Tag Archives: jobs

Submit, Submit, Submit!

This is what I look like when I'm scraping for a good idea.

While strolling through the aisles of Barnes & Noble yesterday afternoon (I could spend hours in that store), I picked up a copy of Writer’s Journal and the latest issue of Poetry Magazine.

Picking up magazines and reading the poetry and short stories that get published always gives me the imaginary kick in the butt I need to get back into gear and continue submitting everything I possibly can to every literary magazine and website there possibly is.

So after flipping through the pages of Writer’s Journal, I found information on an annual contest, in which you are provided with half of a sentence to begin your story.
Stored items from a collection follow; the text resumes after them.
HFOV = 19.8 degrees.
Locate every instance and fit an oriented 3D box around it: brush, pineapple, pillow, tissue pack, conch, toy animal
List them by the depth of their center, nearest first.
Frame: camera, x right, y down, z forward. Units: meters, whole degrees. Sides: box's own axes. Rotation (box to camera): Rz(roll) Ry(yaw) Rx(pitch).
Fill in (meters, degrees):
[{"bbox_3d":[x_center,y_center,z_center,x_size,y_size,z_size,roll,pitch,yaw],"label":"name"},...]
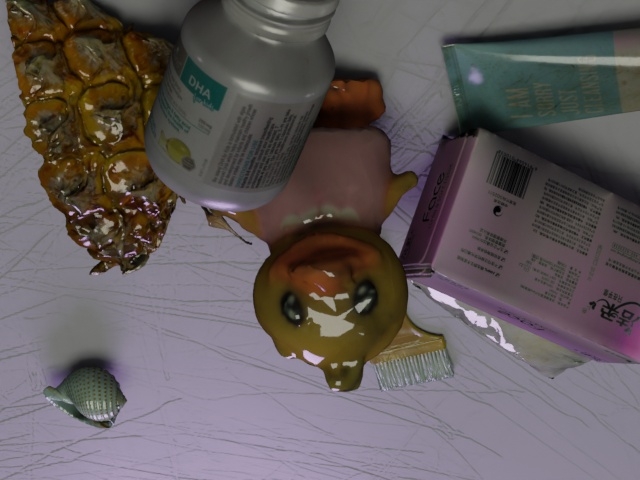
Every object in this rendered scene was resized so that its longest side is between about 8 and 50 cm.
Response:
[{"bbox_3d":[-0.172,-0.077,1.680,0.158,0.161,0.334,-10,126,4],"label":"pineapple"},{"bbox_3d":[0.001,0.004,1.683,0.195,0.281,0.169,-10,150,3],"label":"toy animal"},{"bbox_3d":[0.210,0.011,1.747,0.246,0.148,0.092,25,168,-19],"label":"tissue pack"},{"bbox_3d":[0.204,0.059,1.859,0.229,0.051,0.128,35,128,-24],"label":"pillow"},{"bbox_3d":[0.076,0.075,1.897,0.083,0.011,0.205,-13,127,10],"label":"brush"},{"bbox_3d":[-0.244,0.163,1.935,0.085,0.056,0.076,23,150,18],"label":"conch"}]

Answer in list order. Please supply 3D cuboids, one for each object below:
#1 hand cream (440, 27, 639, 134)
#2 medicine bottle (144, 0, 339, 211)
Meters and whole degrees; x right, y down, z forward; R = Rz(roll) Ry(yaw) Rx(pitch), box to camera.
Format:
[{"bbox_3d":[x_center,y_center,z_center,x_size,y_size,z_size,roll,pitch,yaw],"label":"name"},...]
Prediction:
[{"bbox_3d":[0.272,-0.156,1.680,0.312,0.070,0.111,-9,132,11],"label":"hand cream"},{"bbox_3d":[-0.060,-0.141,1.546,0.135,0.135,0.215,15,129,-12],"label":"medicine bottle"}]

I love writing prompts, and am definitely excited to get creative with one of these lines:

Inside the envelope…

Struggling to her feet…

Whatever you do, don’t…

I’m pretty keen on that last one, and already have a few ideas swirling inside my little head.
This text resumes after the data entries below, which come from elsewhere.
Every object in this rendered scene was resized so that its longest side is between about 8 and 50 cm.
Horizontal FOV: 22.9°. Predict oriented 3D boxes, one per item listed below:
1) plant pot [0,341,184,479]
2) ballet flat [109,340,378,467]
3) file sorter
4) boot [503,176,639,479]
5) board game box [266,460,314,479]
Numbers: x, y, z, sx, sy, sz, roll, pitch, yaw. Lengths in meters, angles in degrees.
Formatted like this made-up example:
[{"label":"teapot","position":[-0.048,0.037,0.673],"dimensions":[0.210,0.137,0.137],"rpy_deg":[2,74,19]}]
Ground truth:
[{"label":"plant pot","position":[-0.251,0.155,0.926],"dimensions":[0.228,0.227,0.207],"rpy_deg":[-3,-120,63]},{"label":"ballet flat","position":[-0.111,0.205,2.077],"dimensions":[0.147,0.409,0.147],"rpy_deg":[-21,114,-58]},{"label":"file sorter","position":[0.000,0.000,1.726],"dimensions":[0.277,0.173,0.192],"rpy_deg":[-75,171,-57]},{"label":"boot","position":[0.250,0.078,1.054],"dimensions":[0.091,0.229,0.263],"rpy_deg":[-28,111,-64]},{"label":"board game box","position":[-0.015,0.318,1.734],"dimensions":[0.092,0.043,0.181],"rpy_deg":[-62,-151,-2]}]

The possibilities are endless. So please, wish me luck!

I submitted a few poems to Poetry, which is published by the Poetry Foundation. I have all fingers and toes crossed on that one.

I’m praying that something will stick, and I’ll be able to start a platform for my future as a creative writer. In other news, the job market is still quiet. So to keep myself somewhat immersed in the literary world, I am working to get a job at the bookstore. Anything to surround me with what I love (but so bad for my wallet).

I continue the uphill struggle, sometimes bursting with inspiration and sometimes wanting to wave my white flag. So it goes for every writer; we must keep our chins up high!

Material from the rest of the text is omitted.